Bunları demiş olunca, bazen sözü söyleyene, bazen sözü söylediğin yere, bazen sözü söylediğin, istinat ettiğin hakikate bakarak seni değerlendiriyorlar. Lafına bakıyorlar, dediğin yere bakıyorlar, siciline bakıyorlar, iradene bakıyorlar, hangi koordinatlarda söylediğine göre sana mukabele ediyorlar, milletimiz.
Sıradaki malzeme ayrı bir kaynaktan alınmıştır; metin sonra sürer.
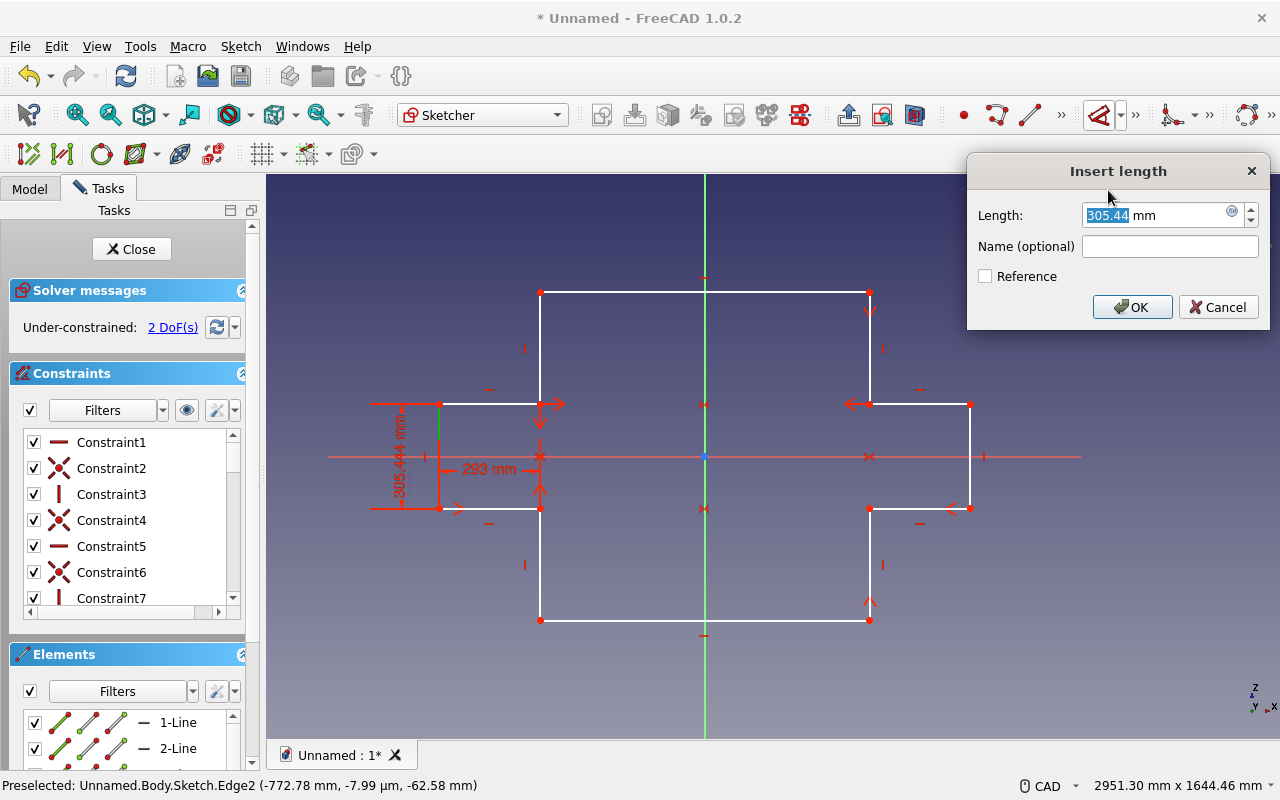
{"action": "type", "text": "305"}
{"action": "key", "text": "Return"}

Muhalefet, bu kadar sorunu olan ülkede iktidar olamadı. Bu kadar derdi olan memleketin derdine derman olamadı. İktidar, bu kadar yetki ve gücü varken memleketi sorundan kurtaramadı. Biz de durduk durduk, bu siyasi mücadelenin içerisinde yeni kurulduk ama her birimizin başka siyasi partilerin içerisinde iyi bir memleket hayaline alın teri var, omuzu var, gece gündüz uykusuz gayretleri var. Herkesin, her partide var.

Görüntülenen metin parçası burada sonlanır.